Roger Goodell: Fix For Missed Calls Will Be Explored, But Solution Not Simple

NFL Commissioner Roger Goodell answers a question during a news conference for the NFL Super Bowl 53 football game Wednesday, Jan. 30, 2019, in Atlanta. (AP Photo/David J. Phillip)
NFL commissioner Roger Goodell speaks during his Super Bowl press conference Wednesday.

The missed pass interference call in the NFC Championship game is a “play that should be called” a penalty, NFL commissioner Roger Goodell acknowledged Wednesday in Atlanta during his annual Super Bowl week press conference.

But, Goodell emphasized, “we also know our officials are human, we also know they are officiating a game that moves very quickly and must make snap decisions under difficult circumstances, and they are not going to get it right every time.”

That doesn’t mean the league isn’t going to look at solutions through its competition committee, which will meet again during March’s owners meetings that will be held in Phoenix. How much will change, however, is still in doubt.

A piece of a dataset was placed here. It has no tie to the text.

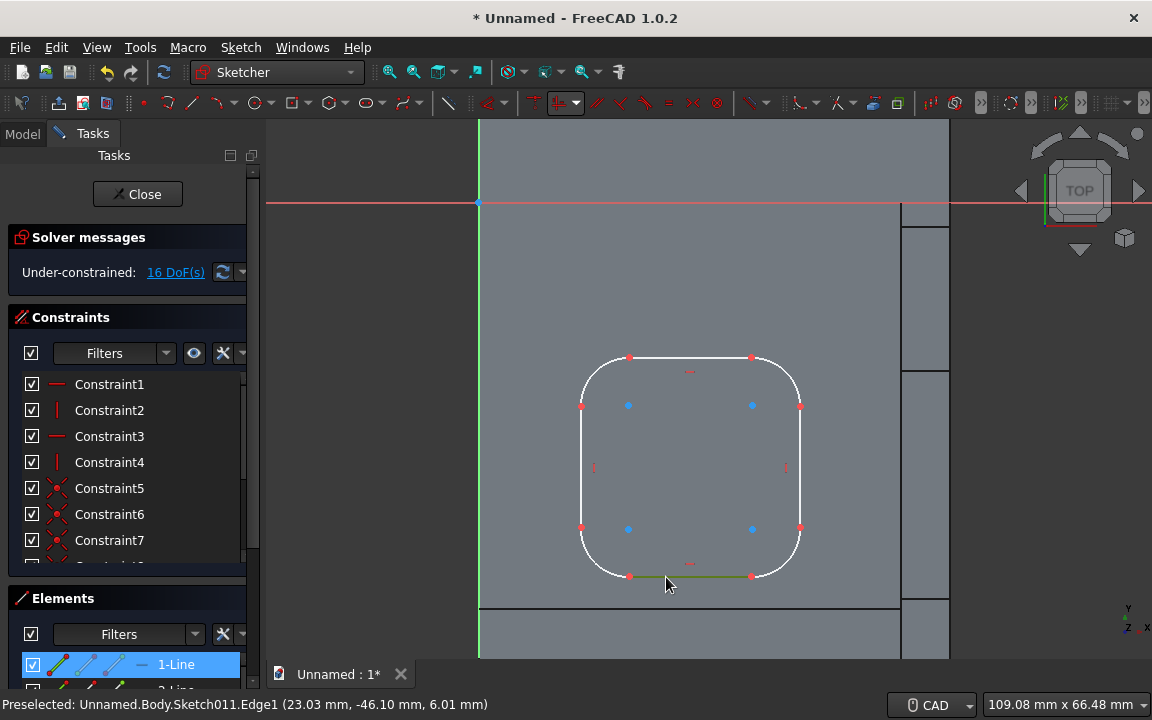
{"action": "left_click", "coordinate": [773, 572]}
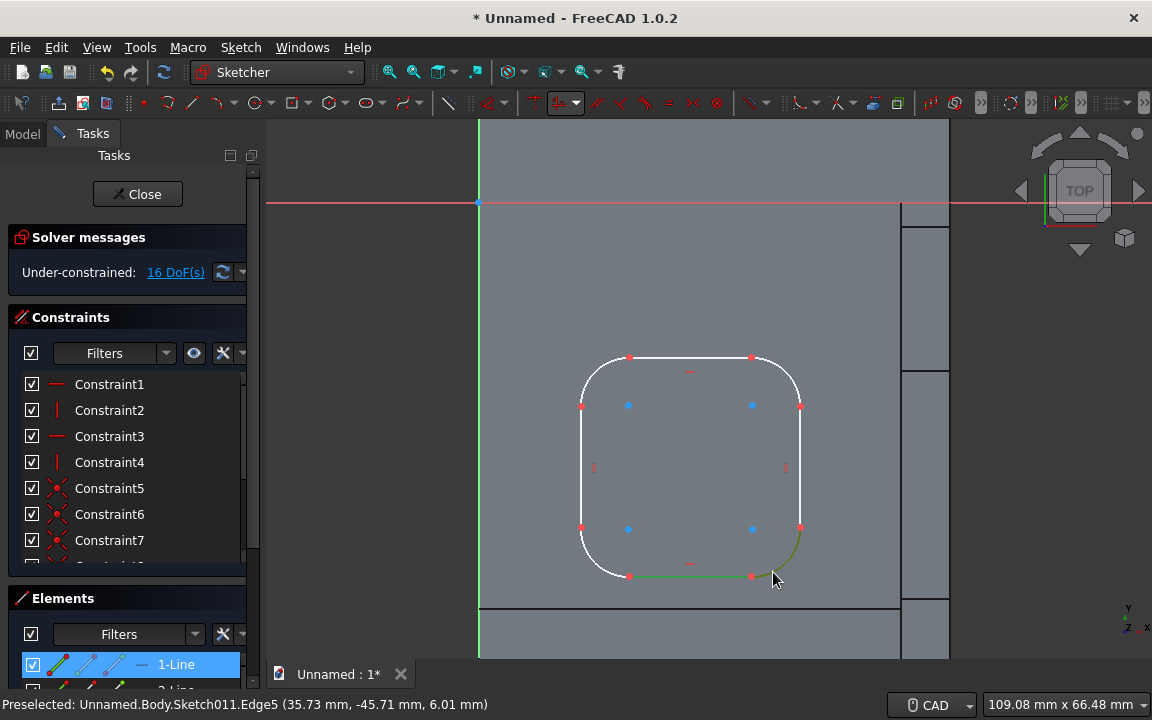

“(We) try to make sure we can address whatever issues, but technology isn’t going to solve every issue,” Goodell said.

Goodell hadn’t previously addressed the blown call. Rams defensive back Nickell Robey-Coleman drilled Saints receiver Tommylee Lewis on a third down play with less than two minutes left, and a flag likely would’ve all but sealed a Saints victory. Instead, the Rams were able to drive for a game-tying field goal, and later claim a Super Bowl trip with an overtime victory.

He had called Saints coach Sean Payton and Saints owner Gayle Benson, and reiterated that Wednesday, saying he understood the frustration of the team, its players and its fans.

The competition committee will talk about potential changes when it meets. Goodell noted there have been a variety of replay changes/expansions discussed over the years, although none have really addressed judgement calls like the one missed in the NFC title game. The committee must not only look at solutions, but also consider “unintended consequences” of any potential solution.

ESPN reported Wednesday one idea being floated would be limited challenges for incorrect judgement calls, with a caveat of a either a penalty or time run off the clock should the challenge be denied.

Goodell also said an issue of the particular play in question is that it was a no-call and would’ve required someone to actually call a penalty after the fact.

“Our coaches and clubs have been very resistant and there has not been support to date for having a replay official or someone in New York throwing a flag when there is no flag,” Goodell said, later adding that while an eighth official will be explored once again, he didn’t think an extra official automatically will help.

“An eighth official is one more human, one more human who will make mistakes like the rest of us,” he said.

Included on the current eight-man competition committee, coincidentally, is Payton.

At one point last week, media outlets, pointing to a particular rule allowing the Commissioner broad powers, suggested Goodell had the power to force the NFC Championship game replayed from the point of the missed call. Goodell, reading the rule while discussing it Wednesday, was blunt in saying he did not have that authority.

“The rule is clear,” Goodell said. “That was not a consideration.”

Goodell said the league and owners will go through the process of exploring all avenues of correction, and he will live with the outcome – even if it means the status quo going into the 2019 season. Clearly, he’d like to avoid having the revisit the topic next year before the Super Bowl.

“We look at that every year, how we make sure our officiating is not a point of discussion, not with our fans, our clubs, our players or anybody else, once the game is completed,” Goodell said.